Portefeuille type PEA : valorisation : 193 300 €

Portefeuille type Assurance-vie (Floriane et Espace Liberté 1 & 2) : valorisation : 182 700 €

Répartition du portefeuille actuel :

Notre scénario & Arbitrages

Nous avions maintenu nos investissements durant la crise sanitaire (et donc durant la baisse des marchés de fin février et début mars), et avions même renforcé nos positions depuis le début avril, avec l’idée que les plans de soutien massifs des banques centrales et gouvernements ainsi qu’un certain retour à la norme post déconfinement permettraient aux marchés actions un fort rebond. Ce scénario s’est vérifié, les indices boursiers mondiaux ont fortement rebondi, environ 30%, au cours des trois derniers mois. Nous sommes désormais dans une phase où les marchés vont regarder à la fois le risque d’un second confinement mais également mesurer l’ampleur de la récession actuelle. Certains marchés ou segments de marchés semblent croire à une reprise en forme de V, avec un retour rapide au niveau économique d’avant crise sanitaire, ce n’est pas notre scénario, tout en restant optimiste nous voyons au mieux une reprise en forme de U (certes 90% de l’activité revient dès que le déconfinement commence, mais le plus dur est de récupérer les 10% restants). Si c’était une lettre, notre scénario serait une reprise en forme de « swoosh », le logo de la marque Nike.
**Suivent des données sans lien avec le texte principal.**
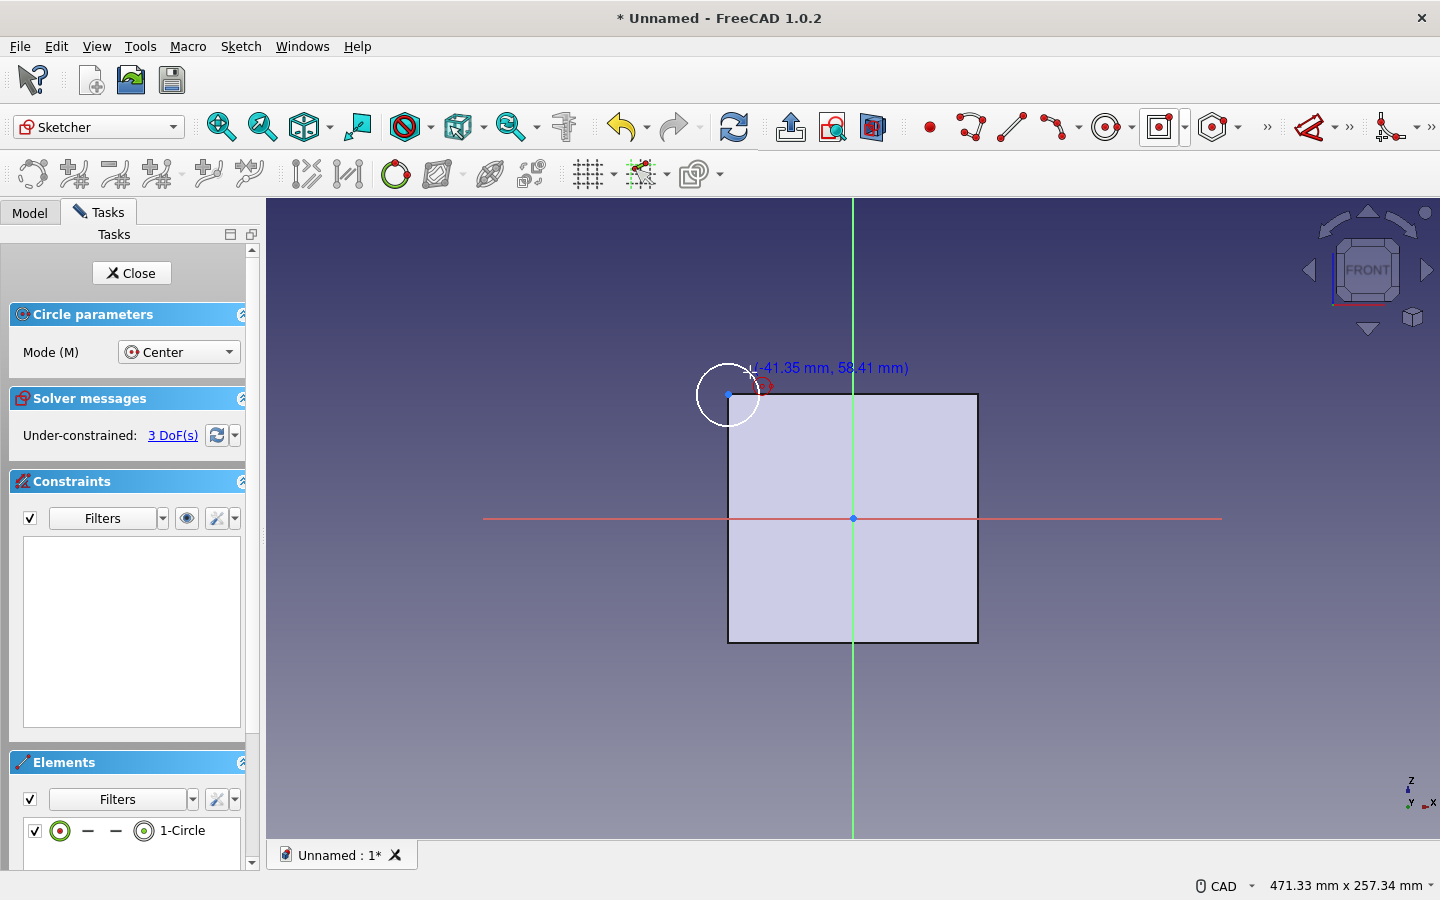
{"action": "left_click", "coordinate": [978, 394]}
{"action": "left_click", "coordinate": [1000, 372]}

Les profits attendus pour l’année en cours ont fortement baissé, logiquement, et ils devraient toucher leur point bas lors de la publication du second trimestre qui se déroulera tout au long de l’été, mais tout cela est déjà en grande partie dans les cours. Ce qu’il est difficile de voir actuellement, c’est la révision des profits à horizon un an : or c’est bien là-dessus que se basent de nombreux paramètres de valorisation afin de savoir si les marchés sont chers ou non. Notre stratégie d’investissement implique de systématiquement réduire nos positions quand la barre du ratio PE forward (le prix actuel et les profits à venir) passe 20 pour les Etats-Unis, puis de continuer à réduire petit à petit si le ratio continue de monter (c’est-à-dire si les prix montent et/ou si les profits baissent), nous l’avions fait en 2015 et de nouveau dans la deuxième partie de l’année 2019 (septembre et décembre). Avec ce fort rebond de marché depuis trois mois le PER anticipé pour les Etats-Unis est repassé au-dessus de 20, c’est certes un niveau proche de la moyenne historique, et c’est même moins cher si l’on ajuste ce chiffre du rendement des autres actifs (notamment du dix ans Américain), néanmoins cela suppose que l’effet rattrapage est en grande partie terminé et que le marché actuel n’est pas fortement décoté comme il l’était en mars et en avril. Historiquement le ratio PE n’est pas tout seul un indicateur avancé d’une baisse à venir des marchés, nous n’avons donc pas de convictions à court terme sur une éventuelle baisse ou sur une poursuite du rebond des actions, nous nous attachons simplement à réduire nos positions quand elles sont bien valorisées.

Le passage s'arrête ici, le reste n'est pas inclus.